Article Details

Challenging Gender Binary: A Study of Shyam Selvadurai's the Funny Boy | Original Article

Manisha .*, in Journal of Advances and Scholarly Researches in Allied Education | Multidisciplinary Academic Research

ABSTRACT:

Shyam Selvadurai's novels give a vivid picture of the fears provoked by gender non- conformity and have the background of the battle of the spirit against the repression of gender, race, and sexual orientation. His protagonists find it challenging to accommodate their desires within the heteronormative structure of the family. Selvadurai's most acclaimed novel, The Funny Boy, focuses on coming-of-age of Arjie Chelvaratnam and follows his awakening as homosexual living in Sri Lanka. This novel is set against the backdrop of Sri Lankan social and cultural tensions in the 1980s. It explores the barriers around love, marriage, and cultural tensions, specifically in the Sinhalas and Tamils.
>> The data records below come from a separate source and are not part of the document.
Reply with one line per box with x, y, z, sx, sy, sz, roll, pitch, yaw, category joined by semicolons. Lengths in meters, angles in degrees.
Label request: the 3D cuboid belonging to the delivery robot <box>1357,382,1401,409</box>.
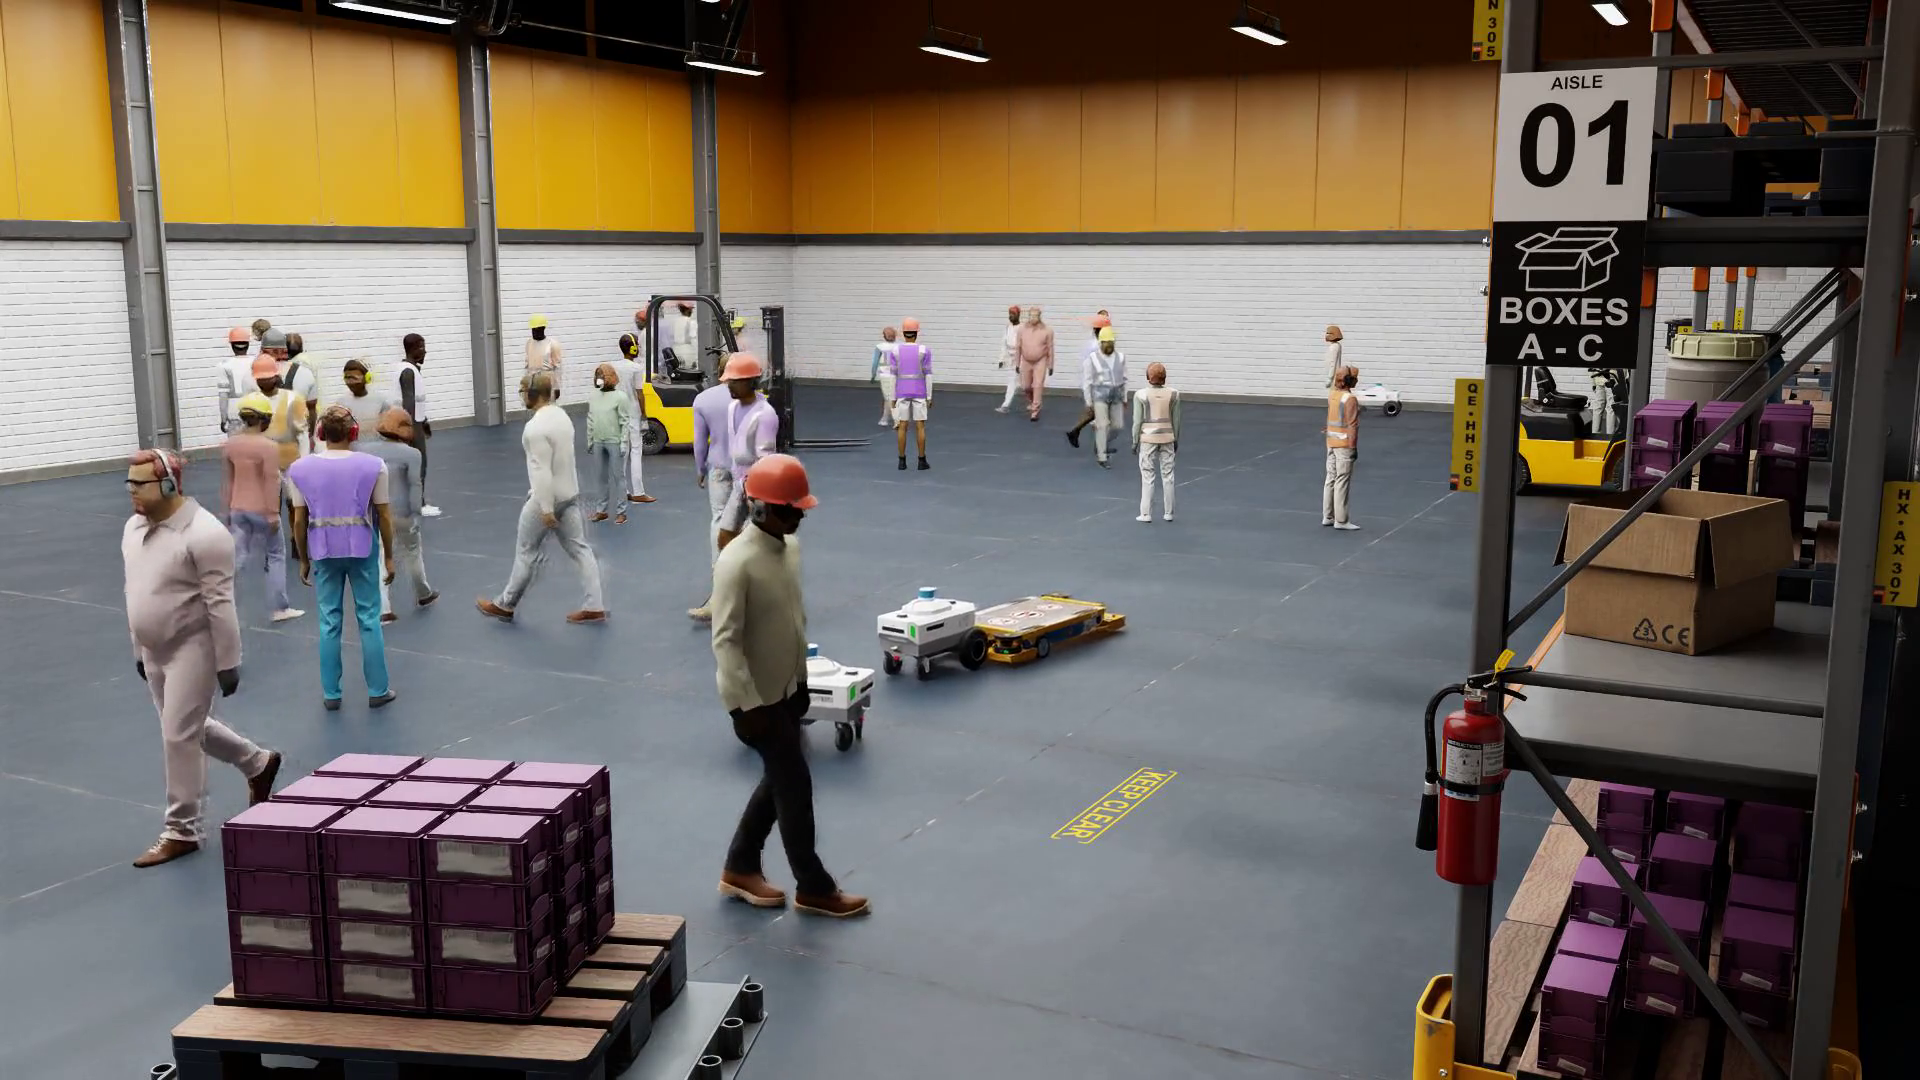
7.079;-2.421;28.116;0.707;0.478;0.477;3;10;17;delivery robot

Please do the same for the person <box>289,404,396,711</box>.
-3.690;0.112;9.983;0.565;1.847;0.389;-2;10;-12;person

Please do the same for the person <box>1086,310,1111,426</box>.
2.249;-2.749;26.570;0.506;1.842;0.346;-5;11;-25;person

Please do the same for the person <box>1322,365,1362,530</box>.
3.811;-0.922;16.575;0.312;1.639;0.520;-2;10;-13;person

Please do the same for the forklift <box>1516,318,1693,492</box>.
7.066;-1.601;18.899;2.313;2.155;1.214;5;11;27;forklift

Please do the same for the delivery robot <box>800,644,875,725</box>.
-0.842;0.826;9.319;0.707;0.478;0.477;3;10;19;delivery robot

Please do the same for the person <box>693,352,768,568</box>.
-1.872;-0.580;13.726;0.635;1.937;0.352;0;10;1;person

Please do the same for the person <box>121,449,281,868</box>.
-3.536;0.493;7.710;0.656;1.881;0.819;6;11;31;person

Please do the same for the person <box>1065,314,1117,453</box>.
1.826;-2.126;22.745;0.612;1.918;0.557;-2;10;-11;person

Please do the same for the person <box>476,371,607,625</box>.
-3.077;-0.299;12.267;1.001;1.879;0.620;2;10;14;person

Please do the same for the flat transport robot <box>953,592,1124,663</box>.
0.508;0.601;11.713;0.652;0.197;1.431;7;12;36;flat transport robot

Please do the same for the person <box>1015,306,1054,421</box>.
1.238;-2.918;27.395;0.656;1.881;0.639;3;10;17;person

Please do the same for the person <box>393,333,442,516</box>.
-5.733;-1.211;17.472;0.445;1.907;0.633;-3;10;-16;person

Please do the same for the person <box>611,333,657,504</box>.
-3.622;-1.335;18.297;0.520;1.873;0.333;7;12;36;person

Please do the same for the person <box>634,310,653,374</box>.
-4.972;-2.732;26.459;0.404;1.847;0.747;-3;10;-18;person

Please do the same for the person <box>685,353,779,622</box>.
-1.648;-0.354;12.200;0.908;2.009;0.644;-8;13;-38;person

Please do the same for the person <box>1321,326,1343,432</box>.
5.720;-2.467;25.533;0.278;1.634;0.498;4;11;23;person

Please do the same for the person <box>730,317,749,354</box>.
-3.530;-2.583;25.867;0.739;1.736;0.553;-7;12;-36;person

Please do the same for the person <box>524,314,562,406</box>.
-5.711;-2.123;22.703;0.594;1.921;0.386;5;11;27;person

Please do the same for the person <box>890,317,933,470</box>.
-0.615;-1.848;21.061;0.545;1.942;0.349;1;10;6;person

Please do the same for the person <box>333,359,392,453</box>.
-5.140;-0.631;14.329;0.515;1.829;0.831;1;10;8;person

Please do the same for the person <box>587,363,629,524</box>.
-3.581;-0.976;16.906;0.497;1.633;0.285;5;11;25;person

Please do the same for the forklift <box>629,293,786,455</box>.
-3.588;-2.317;23.042;2.313;2.155;1.214;-1;10;-5;forklift

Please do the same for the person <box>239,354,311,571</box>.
-5.986;-0.695;14.596;0.557;1.890;0.739;-3;10;-17;person

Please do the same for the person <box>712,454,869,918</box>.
-0.725;0.613;6.793;0.677;1.948;0.688;3;10;16;person

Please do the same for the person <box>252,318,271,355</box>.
-8.742;-1.869;21.255;0.458;1.915;0.658;-3;10;-15;person

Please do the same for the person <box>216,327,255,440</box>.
-7.918;-1.389;18.421;0.552;1.932;0.377;-7;12;-34;person

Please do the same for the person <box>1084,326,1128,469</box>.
1.858;-1.828;21.299;0.609;1.816;0.507;-4;11;-21;person

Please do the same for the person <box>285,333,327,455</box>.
-7.911;-1.535;19.655;0.931;1.795;0.658;-4;10;-20;person

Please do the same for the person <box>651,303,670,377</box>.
-5.187;-3.209;29.136;0.672;1.875;0.847;6;12;33;person

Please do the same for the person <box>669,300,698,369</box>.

Selvadurai's choice to place his narration in an unnamed center space in between established sexual and gender boundaries in several manners parallels the inability of diasporic individuals to be located within cultural and ethnic frontiers. This paper tends to explore the issue of being a gender non-conformist and of being different in a funny way. It highlights how the protagonist, through boundary transgressions and the destabilizing character of his subjectivity, challenges the fixity and finality of the socially constructed categories of gender.